TASK REQUIREMENTS: Transcribe the lines of the records starting with the one that has "An invented example" in it and ending with the last, and transcribe nothing else.
[[ DATA UNDER STUDY, beginning ]]
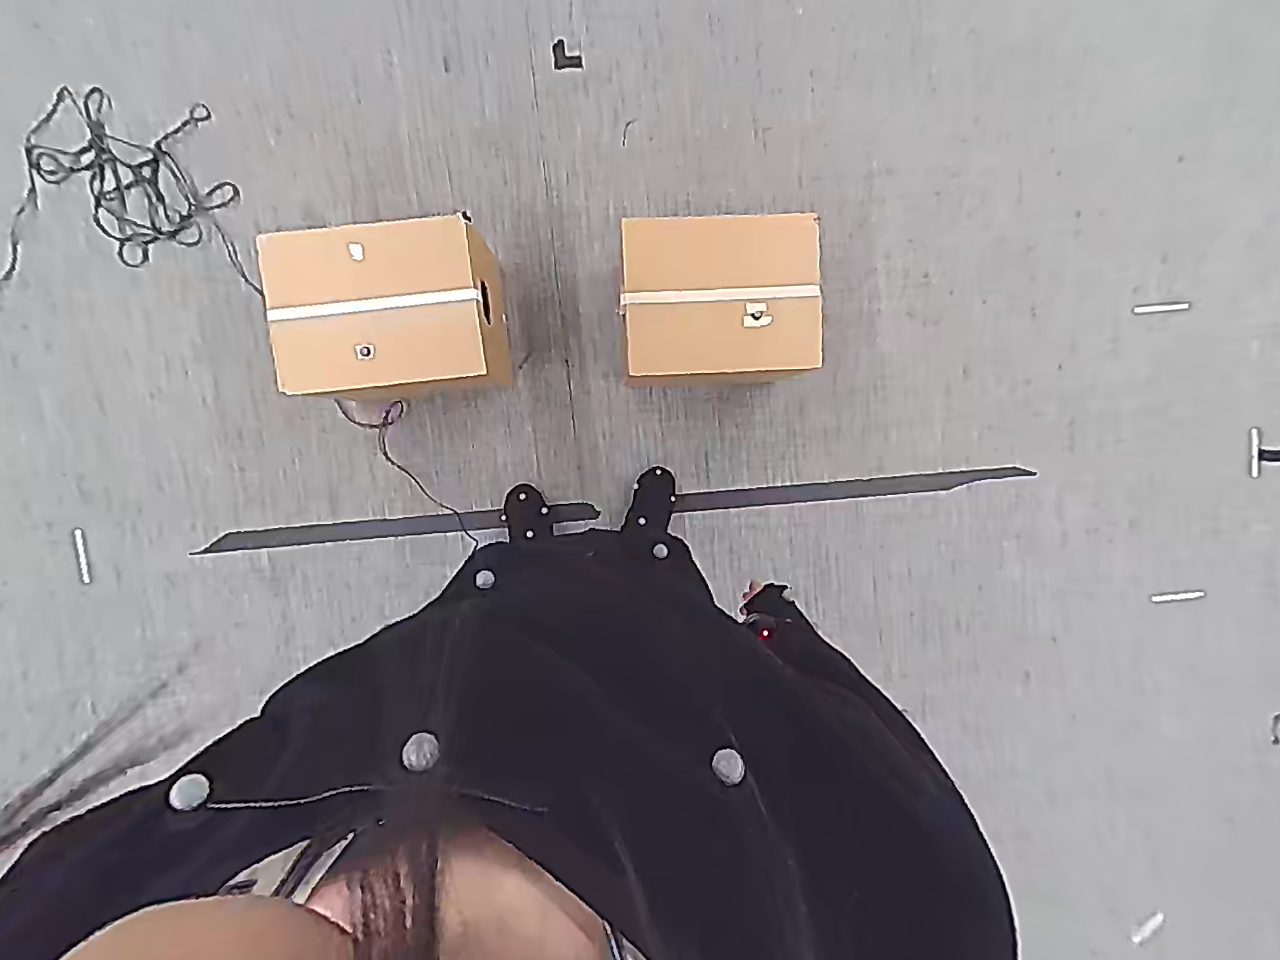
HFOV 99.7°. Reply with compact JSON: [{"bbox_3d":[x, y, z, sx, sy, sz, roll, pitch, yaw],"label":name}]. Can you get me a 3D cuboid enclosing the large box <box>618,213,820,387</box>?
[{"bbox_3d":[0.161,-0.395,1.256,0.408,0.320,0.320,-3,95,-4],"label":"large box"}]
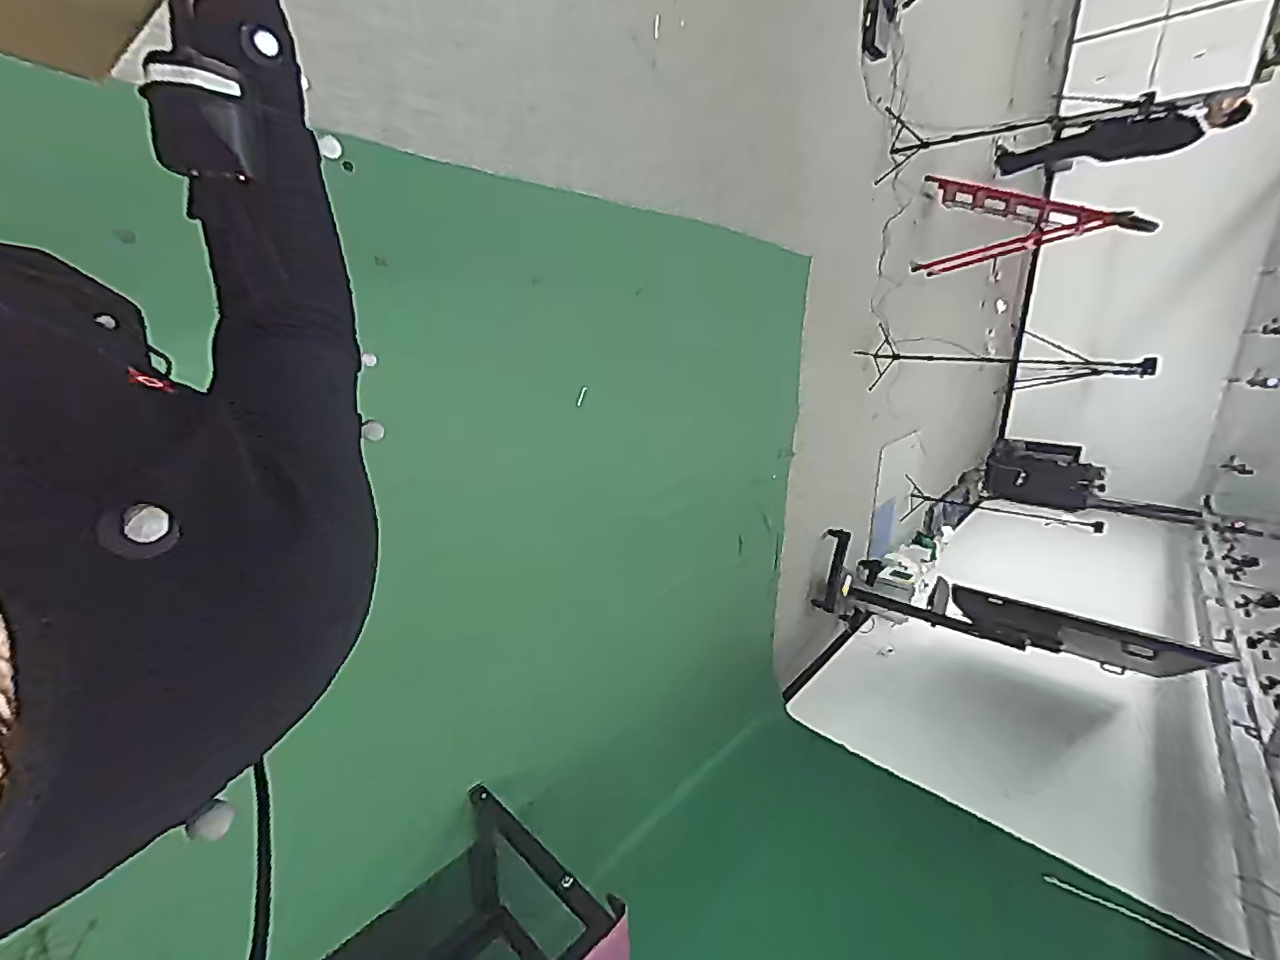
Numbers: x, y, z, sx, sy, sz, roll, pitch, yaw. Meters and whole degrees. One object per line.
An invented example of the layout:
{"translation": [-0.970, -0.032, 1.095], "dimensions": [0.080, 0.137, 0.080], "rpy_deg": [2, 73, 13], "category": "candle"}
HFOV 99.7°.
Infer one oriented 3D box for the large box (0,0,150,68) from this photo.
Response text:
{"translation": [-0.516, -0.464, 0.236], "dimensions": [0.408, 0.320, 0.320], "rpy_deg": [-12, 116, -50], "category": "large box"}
[[ DATA UNDER STUDY, end ]]
ANSWER BOX:
An invented example of the layout:
{"translation": [-0.970, -0.032, 1.095], "dimensions": [0.080, 0.137, 0.080], "rpy_deg": [2, 73, 13], "category": "candle"}
HFOV 99.7°.
Infer one oriented 3D box for the large box (0,0,150,68) from this photo.
Response text:
{"translation": [-0.516, -0.464, 0.236], "dimensions": [0.408, 0.320, 0.320], "rpy_deg": [-12, 116, -50], "category": "large box"}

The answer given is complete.